**GOAL OF THE EXERCISE:** Of all the entries below, retype only the lines from the one with "#4 car <box>30,219,138,280</box>" through the one with "1. name: x y z sx sy sz roll pitch yaw", exactly as they appear.

**DATA SUPPLIED:**
------------------------------------

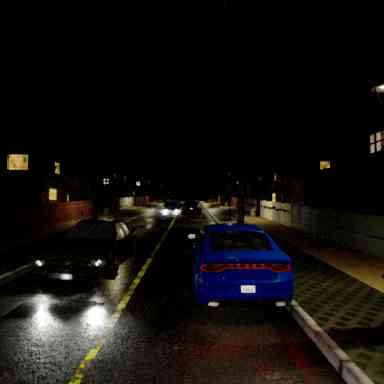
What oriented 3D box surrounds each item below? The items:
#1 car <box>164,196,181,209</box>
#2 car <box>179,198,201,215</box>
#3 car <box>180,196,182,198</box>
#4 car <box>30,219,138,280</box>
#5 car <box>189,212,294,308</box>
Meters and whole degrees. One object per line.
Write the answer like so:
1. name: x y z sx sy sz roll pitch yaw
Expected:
1. car: -2.886 1.663 46.570 1.895 1.301 4.718 0 0 0
2. car: -0.033 1.609 34.775 1.994 1.385 4.181 0 0 1
3. car: -2.994 1.729 83.183 1.994 1.385 4.181 0 0 0
4. car: -2.879 1.558 10.269 2.033 1.411 5.357 0 0 0
5. car: 0.940 1.487 8.081 1.882 1.535 5.008 0 0 0

------------------------------------

**ANSWER TO THE PROBLEM:**
#4 car <box>30,219,138,280</box>
#5 car <box>189,212,294,308</box>
Meters and whole degrees. One object per line.
Write the answer like so:
1. name: x y z sx sy sz roll pitch yaw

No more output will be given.